PROBLEM DETAILS =>
Could you copy every line of the data that contains "height"?

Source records

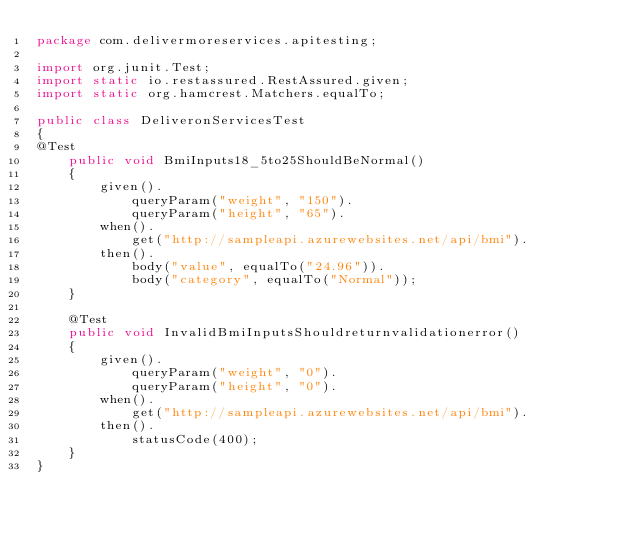Convert code to text. <code><loc_0><loc_0><loc_500><loc_500><_Java_>package com.delivermoreservices.apitesting;

import org.junit.Test;
import static io.restassured.RestAssured.given;
import static org.hamcrest.Matchers.equalTo;

public class DeliveronServicesTest
{
@Test
    public void BmiInputs18_5to25ShouldBeNormal()
    {
        given().
            queryParam("weight", "150").
            queryParam("height", "65").
        when().
            get("http://sampleapi.azurewebsites.net/api/bmi").
        then().    
            body("value", equalTo("24.96")).
            body("category", equalTo("Normal"));
    }

    @Test
    public void InvalidBmiInputsShouldreturnvalidationerror()
    {
        given().
            queryParam("weight", "0").
            queryParam("height", "0").
        when().
            get("http://sampleapi.azurewebsites.net/api/bmi").
        then().    
            statusCode(400);
    }
}</code> 
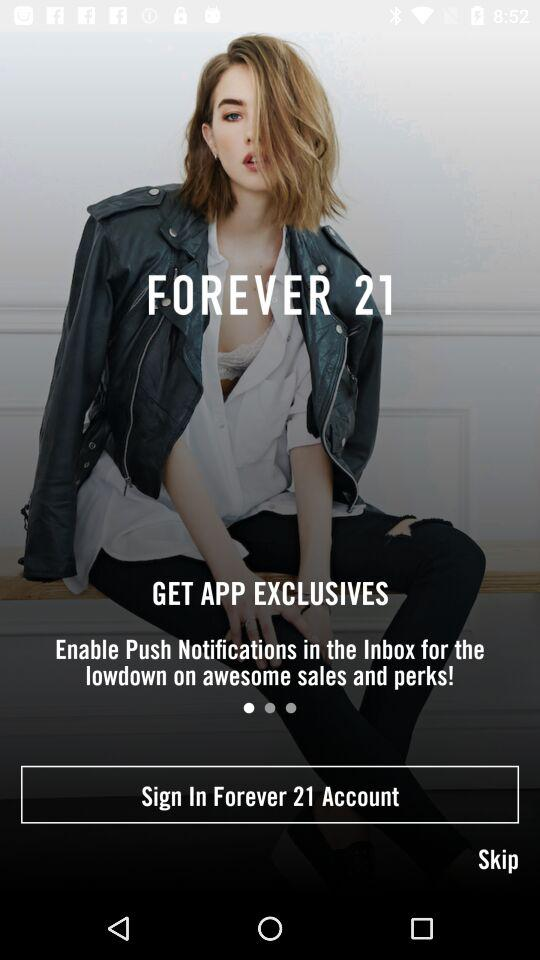What is the application name? The application name is "FOREVER 21". 
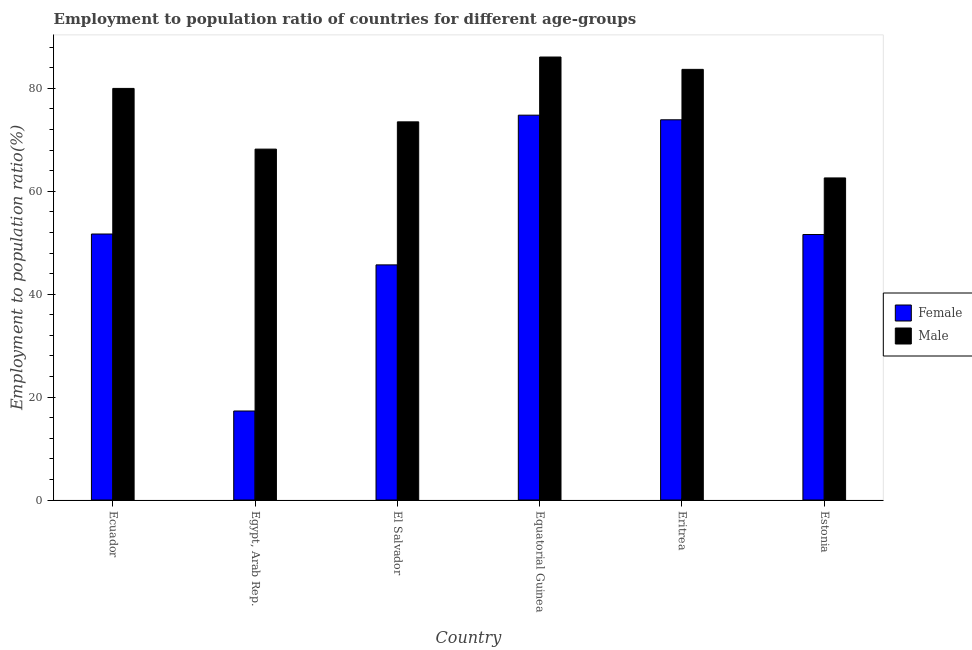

ANSWER TO THE EXERCISE =>
            queryParam("height", "65").
            queryParam("height", "0").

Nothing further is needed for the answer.